Married and Lonely: 5 Fixes for a Closer Relationships

married and lonelyMarriage brings two people together, so why do recent studies detect frequent feelings of alienation and loneliness among partners?  It takes seconds to say, “I do,” and the rest of your life to mean it.

It requires effort and ongoing understanding to make relations work.  Try these five home remedies to cure an ailing relationship.

Unlearn Gender Roles

Historically, men hunted and women gathered.  Whether by circumstance or genetics, modern decisions sometimes reflect history.  When two people are single and not yet married, traditional gender roles flourish.

However, when people get together, traditions, expectations, and history can unlawfully dictate and clash with natural preferences.  Try to ‘unlearn’ a number of gender-specific roles and expectations.  For example, it’s perfectly acceptable for a man to adopt the ‘mom,’ role while a passionate women entrepreneur makes a majority of the family’s income.  Don’t let tradition or what is ‘historically accepted,’ influence an otherwise loving and rational relationship.

Stop Blaming Your Partner

When you wait an hour in traffic, have a bad day at work, or gain an unwanted five pounds, your mate is there through sickness and health, but no one likes being an open target for sour moods.  It’s convenient to point fingers or project feelings onto a nearby target.

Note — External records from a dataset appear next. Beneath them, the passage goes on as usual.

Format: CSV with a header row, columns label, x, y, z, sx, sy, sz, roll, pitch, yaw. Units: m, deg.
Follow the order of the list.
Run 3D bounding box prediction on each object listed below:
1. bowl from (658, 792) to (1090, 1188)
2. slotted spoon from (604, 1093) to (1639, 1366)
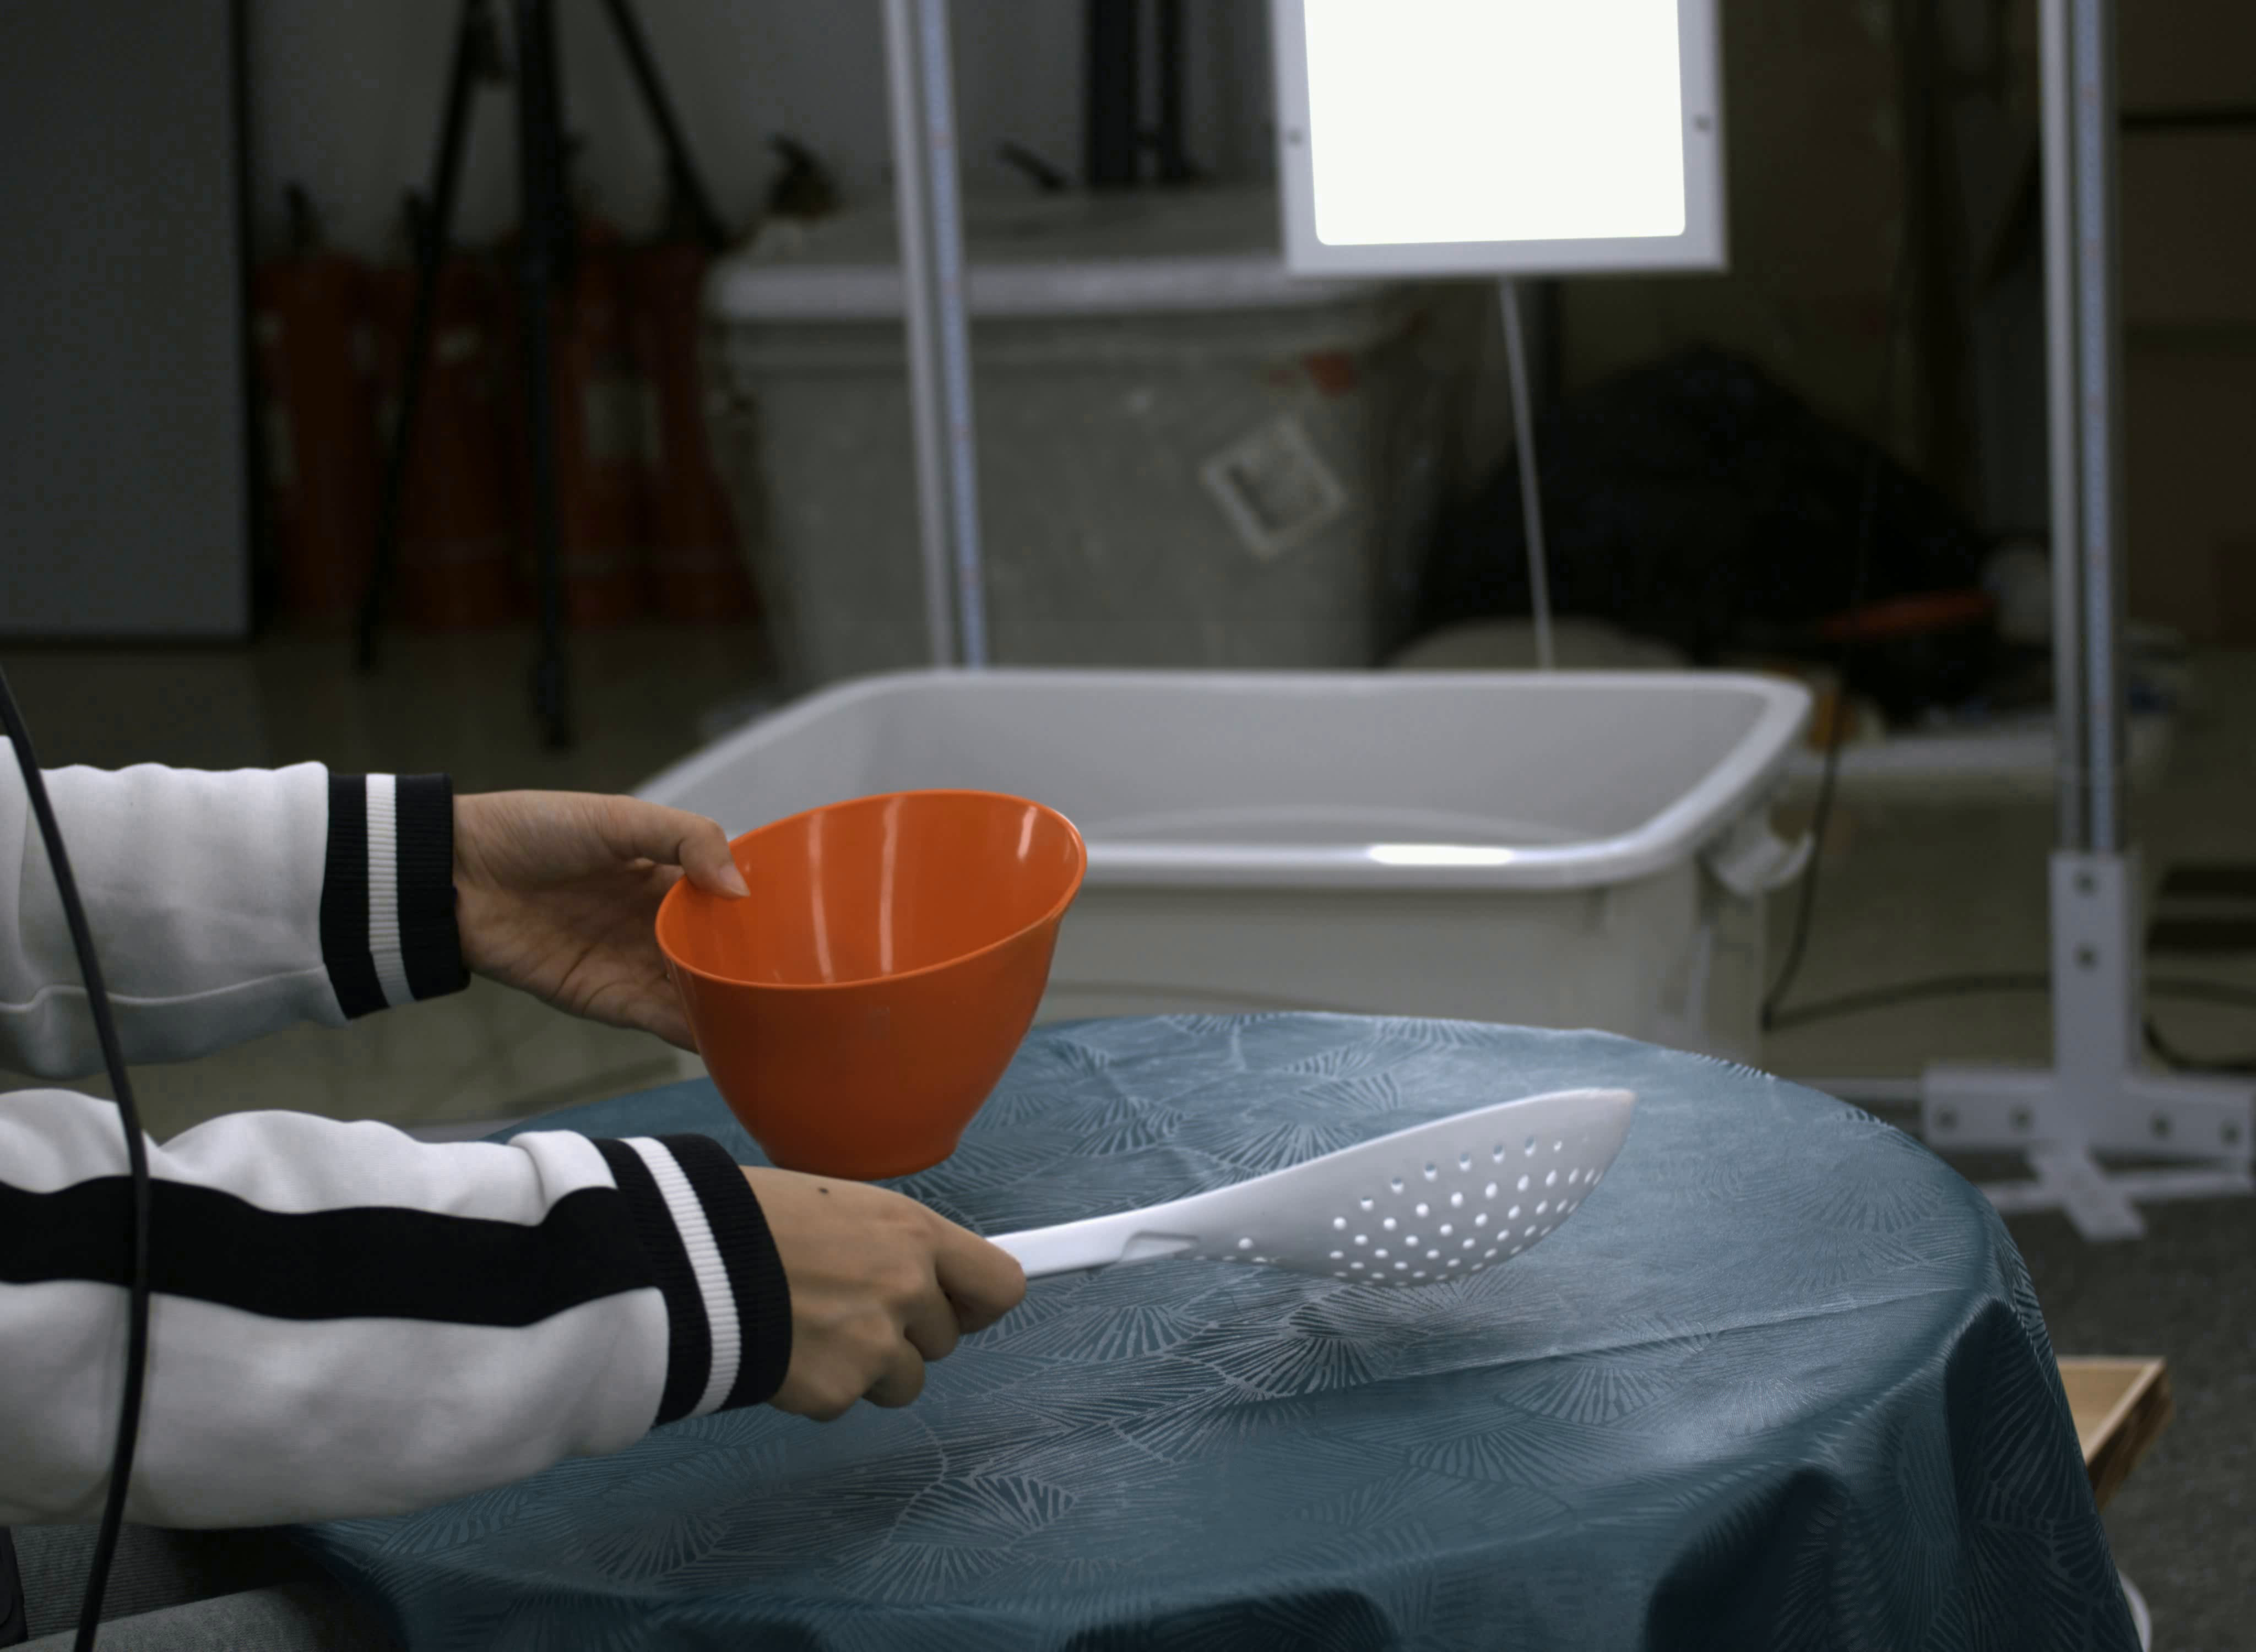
label,x,y,z,sx,sy,sz,roll,pitch,yaw
bowl,-0.085,0.060,1.877,0.147,0.105,0.148,-3,20,0
slotted spoon,0.004,0.126,1.680,0.342,0.046,0.138,-3,-17,-25

In some cases, a mediator or marriage counselor helps a couple think objectively, identifying the root cause of ongoing turmoil.  Other times, all it takes is an outside view to cease the mutual finger pointing.  Alternatively, couples seek spiritual and psychic counsel by visiting TheCircle Psychics.

Regain Your Independence

A marriage is a legal union, but it doesn’t warrant losing one’s independence or identity.  Men and women can grow to resent their mates when each spends less time with friends, doing hobbies, or enjoying alone time.

There is a delicate balance regarding accepting one’s role in a couple and embracing their independence and personal preferences, likes, pastimes, and so on.  It’s okay to have varying tastes; being an individual is not in direct opposition with being in a relationship.  Regain independence and celebrate your mate’s decision to do the same. 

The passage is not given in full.